How Machine Learning Helps in Financial Fraud Detection in the FinTech Industry
Vijaykumar Meti
Machine Learning
July 12, 2022
5 min read
The financial services industry is experiencing a digital revolution, and Machine Learning (ML) is the driving force behind it. Without being explicitly designed, ML allows systems to automatically learn and improve from experience.
Because the banking industry handles loads of personal data and billions of crucial transactions every second, it is especially prone to fraud. Scammers are always trying to break into servers to obtain important data for blackmailing.

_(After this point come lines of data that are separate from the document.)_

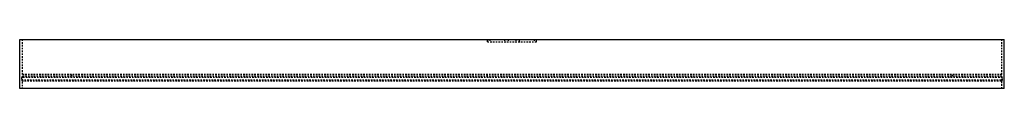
# Model space of a CAD drawing. Extents: x -42.8 to 37.2, y -2 to 2.
import ezdxf

# ---------------------------------------------------------------- set-up
doc = ezdxf.new("R2010")
doc.units = 0
doc.linetypes.add('HIDDEN', pattern=[0.1905, 0.127, -0.0635])
doc.layers.get('0').update_dxf_attribs({"linetype": 'CONTINUOUS'})

msp = doc.modelspace()

# ---------------------------------------------------------------- linework, layer by layer
at = {"color": 7, "linetype": 'CONTINUOUS'}
for p, q in [((-42.845, 2), (37.155, 2)), ((-42.845, -2), (-42.845, 2)), ((37.155, -2), (37.155, 2)), ((37.155, -2), (-42.845, -2))]:
    msp.add_line(p, q, dxfattribs=at)
at = {"color": 152, "linetype": 'HIDDEN'}
for p, q in [((-42.645, 2), (-42.645, -0.85)), ((-4.846, 1.8), (-4.846, 2)), ((-4.846, 1.8), (-0.845, 1.8)), ((-4.845, 2), (-4.845, 1.8)), ((-4.645, 2), (-4.645, 1.8)), ((-3.445, 2), (-3.445, 1.8)), ((-3.145, 2), (-3.145, 1.8)), ((-2.545, 2), (-2.545, 1.8)), ((-2.245, 1.8), (-2.245, 2)), ((-1.045, 2), (-1.045, 1.8)), ((-0.845, 1.8), (-0.845, 2)), ((36.955, -0.85), (36.955, 2)), ((-42.595, -1), (-42.695, -1.1)), ((37.005, -1.1), (-42.695, -1.1)), ((-42.695, -1.1), (-42.695, -1.3)), ((-42.695, -1.3), (37.005, -1.3)), ((-42.695, -1.3), (-42.595, -1.4)), ((36.955, -0.85), (-42.645, -0.85)), ((36.955, -1), (-42.645, -1)), ((-42.645, -1), (-42.645, -2)), ((36.905, -1.4), (-42.595, -1.4)), ((-38.645, -0.85), (-38.645, -1)), ((-4.845, -1), (-4.845, -0.85)), ((32.955, -1), (32.955, -0.85)), ((37.005, -1.1), (36.905, -1)), ((36.905, -1.4), (37.005, -1.3)), ((36.955, -2), (36.955, -1)), ((37.005, -1.3), (37.005, -1.1))]:
    msp.add_line(p, q, dxfattribs=at)

doc.saveas('drawing.dxf')
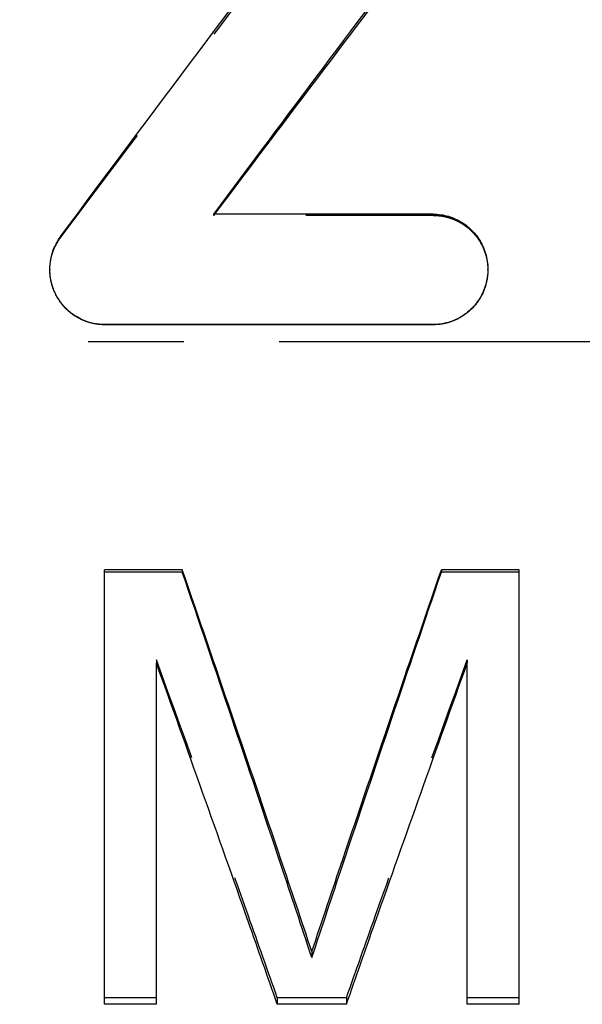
# Model space of a CAD drawing. Header units: millimetres. Extents: x 214 to 338, y 194 to 264.
# Tile 2 of 8: x 246 to 260, y 213 to 237. Entities that reach past the tile are written whole.
import ezdxf

# ---------------------------------------------------------------- set-up
doc = ezdxf.new("R2010")
doc.units = ezdxf.units.MM
doc.header["$LTSCALE"] = 30.734
doc.linetypes.add('CENTER', pattern=[0.6, 0.375, -0.075, 0.075, -0.075])
doc.linetypes.add('HIDDEN', pattern=[0.2, 0.1, -0.1])
doc.layers.get('0').update_dxf_attribs({"linetype": 'CONTINUOUS'})
doc.layers.add('DEFAULT_1', color=7, linetype='CENTER')
doc.layers.add('DEFAULT_2', color=8, linetype='HIDDEN')

msp = doc.modelspace()

# ---------------------------------------------------------------- linework, layer by layer
at = {"color": 7, "linetype": 'CONTINUOUS'}
for p, q in [((256.032, 232.256), (250.744, 232.256)), ((256.032, 229.589), (248.107, 229.589)), ((256.032, 229.585), (248.107, 229.585)), ((248.107, 213.176), (248.107, 223.666)), ((249.982, 223.666), (248.107, 223.666)), ((249.982, 223.611), (248.107, 223.611)), ((249.982, 223.666), (249.982, 223.611)), ((256.232, 223.666), (256.232, 223.611)), ((258.107, 223.666), (256.232, 223.666)), ((258.107, 223.611), (256.232, 223.611)), ((258.107, 213.176), (258.107, 223.666)), ((249.357, 213.176), (249.357, 221.417)), ((256.857, 213.176), (256.857, 221.417)), ((253.107, 214.45), (253.107, 214.303)), ((249.357, 213.176), (248.107, 213.176)), ((253.941, 213.176), (252.274, 213.176)), ((258.107, 213.176), (256.857, 213.176))]:
    msp.add_line(p, q, dxfattribs=at)
for points, start_tangent, end_tangent in [([(247.05, 231.722), (253.749, 240.646), (260.031, 248.808)], (12.789625, 17.230489), (13.205033, 16.914235)), ([(250.744, 232.256), (256.025, 239.297), (261.09, 245.924)], (10.226123, 13.758656), (10.47849, 13.56744)), ([(250.767, 232.256), (256.026, 239.198), (261.09, 245.758)], (10.204532, 13.592637), (10.454004, 13.401718)), ([(256.032, 232.256), (256.219, 232.242), (256.4, 232.203), (256.576, 232.137), (256.741, 232.048), (257.026, 231.802), (257.23, 231.485), (257.338, 231.123), (257.353, 230.924)], (2.077968, 0), (-0.000057, -2.084886)), ([(246.786, 230.925), (246.787, 230.976), (246.824, 231.241), (246.913, 231.493), (247.05, 231.722)], (0.000083, 0.854176), (0.50826, 0.68474)), ([(248.107, 229.589), (247.843, 229.616), (247.59, 229.696), (247.357, 229.826), (247.155, 229.999), (246.992, 230.21), (246.873, 230.45), (246.804, 230.709), (246.786, 230.925)], (-2.082639, 0), (0.000202, 2.086102)), ([(257.353, 230.924), (257.34, 230.745), (257.238, 230.381), (257.037, 230.059), (256.748, 229.803), (256.579, 229.709), (256.4, 229.642), (256.217, 229.602), (256.032, 229.589)], (-0.000057, -2.087654), (-2.080728, 0)), ([(253.107, 214.45), (252.36, 216.676), (249.982, 223.666)], (-3.08495, 9.22982), (-3.161646, 9.20383)), ([(253.107, 214.303), (252.36, 216.551), (249.982, 223.611)], (-3.08487, 9.321876), (-3.161722, 9.296091)), ([(253.107, 214.45), (253.854, 216.676), (256.232, 223.666)], (3.08495, 9.22982), (3.161646, 9.20383)), ([(253.107, 214.303), (253.854, 216.551), (256.232, 223.611)], (3.08487, 9.321876), (3.161722, 9.296091)), ([(252.274, 213.176), (251.578, 215.163), (249.357, 221.417)], (-2.882025, 8.253099), (-2.948203, 8.22969)), ([(253.941, 213.176), (254.637, 215.163), (256.857, 221.417)], (2.882025, 8.253099), (2.948204, 8.22969))]:
    msp.add_spline(points, degree=3, dxfattribs=dict(at, start_tangent=start_tangent, end_tangent=end_tangent))
at = {"layer": 'DEFAULT_1', "color": 2, "linetype": 'CENTER'}
msp.add_line((337.607, 229.175), (213.607, 229.175), dxfattribs=at)
at = {"layer": 'DEFAULT_2', "color": 8, "linetype": 'HIDDEN'}
for p, q in [((250.744, 232.225), (250.744, 232.256)), ((256.032, 232.225), (250.744, 232.225)), ((256.032, 232.225), (256.032, 232.256)), ((247.05, 231.697), (247.05, 231.722)), ((246.786, 230.925), (246.786, 230.907)), ((257.353, 230.907), (257.353, 230.924)), ((248.107, 229.585), (248.107, 229.589)), ((256.032, 229.585), (256.032, 229.589)), ((249.357, 221.494), (249.357, 221.417)), ((256.857, 221.494), (256.857, 221.417)), ((249.357, 213.335), (248.107, 213.335)), ((252.274, 213.335), (252.274, 213.176)), ((253.941, 213.335), (252.274, 213.335)), ((253.941, 213.335), (253.941, 213.176)), ((258.107, 213.335), (256.857, 213.335))]:
    msp.add_line(p, q, dxfattribs=at)
for points, start_tangent, end_tangent in [([(247.05, 231.697), (253.749, 240.532), (260.031, 248.614)], (12.790995, 17.061718), (13.203359, 16.744644)), ([(250.744, 232.225), (250.759, 232.245)], (0.014618, 0.019472), (0.014618, 0.019472)), ([(250.759, 232.245), (250.767, 232.256)], (0.008326, 0.011091), (0.008326, 0.011091)), ([(256.032, 232.225), (256.219, 232.212), (256.4, 232.173), (256.576, 232.108), (256.741, 232.019), (257.026, 231.776), (257.23, 231.462), (257.338, 231.104), (257.353, 230.907)], (2.067611, 0), (-0.000052, -2.074642)), ([(246.786, 230.907), (246.787, 230.958), (246.824, 231.221), (246.913, 231.471), (247.05, 231.697)], (0.000078, 0.846785), (0.507077, 0.676383)), ([(248.107, 229.585), (247.843, 229.612), (247.59, 229.691), (247.357, 229.819), (247.155, 229.991), (246.992, 230.2), (246.873, 230.437), (246.804, 230.694), (246.786, 230.907)], (-2.072255, 0), (0.000192, 2.075767)), ([(257.351, 230.844), (257.34, 230.729), (257.238, 230.369), (257.037, 230.05), (256.748, 229.797), (256.579, 229.704), (256.4, 229.637), (256.217, 229.598), (256.032, 229.585)], (-0.095527, -2.012358), (-2.007814, 0)), ([(257.353, 230.907), (257.351, 230.844)], (-0.000002, -0.06273), (-0.002974, -0.062659)), ([(252.274, 213.335), (251.578, 215.302), (249.357, 221.494)], (-2.882101, 8.171601), (-2.948132, 8.148011)), ([(253.941, 213.335), (254.637, 215.302), (256.857, 221.494)], (2.882101, 8.171601), (2.948132, 8.148011))]:
    msp.add_spline(points, degree=3, dxfattribs=dict(at, start_tangent=start_tangent, end_tangent=end_tangent))

doc.saveas('drawing.dxf')

According to research, the banking industry lost $2.2 billion in fraud losses in 2016, with debit card fraud accounting for 58% of the costs. According to ATM Marketplace, card fraud losses increased in 2017, and it is predicted that card fraud would increase by 42 percent by 2020.
Machine learning in financial services is enabling banking and financial institutions to defend their organizations and beat fraudsters. According to FinTech market research, the global fraud detection and prevention (FDP) market is expected to grow to $38.2 billion by 2025, from $20.9 billion, at a CAGR of 12.8 percent.
Money laundering, insurance claims, electronic payments, and bank transactions are all examples of fraud detection and prevention. In this post, we will look at the primary methods machine learning in finance may be used to detect fraud. Continue reading!
What Is Fraud Detection?
Fraud detection affects various businesses, including banking and finance, insurance, healthcare, government organizations, and so on. In layman’s terms, fraud detection is the method for identifying and stopping suspicious actions to keep the firm safe.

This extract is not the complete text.